#### THE PROBLEM
Lines before the one containing "Answer: 80.95" are left out; output the rest of the data exactly, through the final line.

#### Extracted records
▬▬▬▬▬▬▬▬▬▬

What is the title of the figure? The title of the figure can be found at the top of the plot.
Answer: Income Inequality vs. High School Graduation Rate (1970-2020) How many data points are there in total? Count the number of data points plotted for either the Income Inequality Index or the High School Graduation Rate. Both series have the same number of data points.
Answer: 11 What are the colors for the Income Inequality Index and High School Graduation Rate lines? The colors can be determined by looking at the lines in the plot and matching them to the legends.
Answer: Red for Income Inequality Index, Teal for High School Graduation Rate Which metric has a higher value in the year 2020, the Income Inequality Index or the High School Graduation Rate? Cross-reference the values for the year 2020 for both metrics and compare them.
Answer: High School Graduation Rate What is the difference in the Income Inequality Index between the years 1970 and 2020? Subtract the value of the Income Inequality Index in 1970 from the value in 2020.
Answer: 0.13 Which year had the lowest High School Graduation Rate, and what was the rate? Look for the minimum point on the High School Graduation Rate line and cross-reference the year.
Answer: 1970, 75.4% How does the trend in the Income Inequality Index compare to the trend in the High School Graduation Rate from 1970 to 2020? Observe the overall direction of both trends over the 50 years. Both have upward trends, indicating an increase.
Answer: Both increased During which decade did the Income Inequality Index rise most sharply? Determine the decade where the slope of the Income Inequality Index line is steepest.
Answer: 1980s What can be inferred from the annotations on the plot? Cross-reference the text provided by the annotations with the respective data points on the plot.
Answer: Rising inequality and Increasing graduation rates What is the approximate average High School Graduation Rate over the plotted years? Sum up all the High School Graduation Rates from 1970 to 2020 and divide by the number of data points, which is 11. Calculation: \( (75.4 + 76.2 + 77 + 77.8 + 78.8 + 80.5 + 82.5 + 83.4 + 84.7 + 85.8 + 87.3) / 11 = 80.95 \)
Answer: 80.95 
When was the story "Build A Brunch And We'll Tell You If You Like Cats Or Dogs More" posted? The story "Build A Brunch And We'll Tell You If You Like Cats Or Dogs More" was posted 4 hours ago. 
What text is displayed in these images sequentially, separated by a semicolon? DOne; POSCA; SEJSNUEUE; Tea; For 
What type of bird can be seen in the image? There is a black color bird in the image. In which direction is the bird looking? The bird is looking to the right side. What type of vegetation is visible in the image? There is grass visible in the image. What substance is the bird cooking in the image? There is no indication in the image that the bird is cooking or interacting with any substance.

▬▬▬▬▬▬▬▬▬▬

#### RESPONSE TO THE EXERCISE
Answer: 80.95 
When was the story "Build A Brunch And We'll Tell You If You Like Cats Or Dogs More" posted? The story "Build A Brunch And We'll Tell You If You Like Cats Or Dogs More" was posted 4 hours ago. 
What text is displayed in these images sequentially, separated by a semicolon? DOne; POSCA; SEJSNUEUE; Tea; For 
What type of bird can be seen in the image? There is a black color bird in the image. In which direction is the bird looking? The bird is looking to the right side. What type of vegetation is visible in the image? There is grass visible in the image. What substance is the bird cooking in the image? There is no indication in the image that the bird is cooking or interacting with any substance.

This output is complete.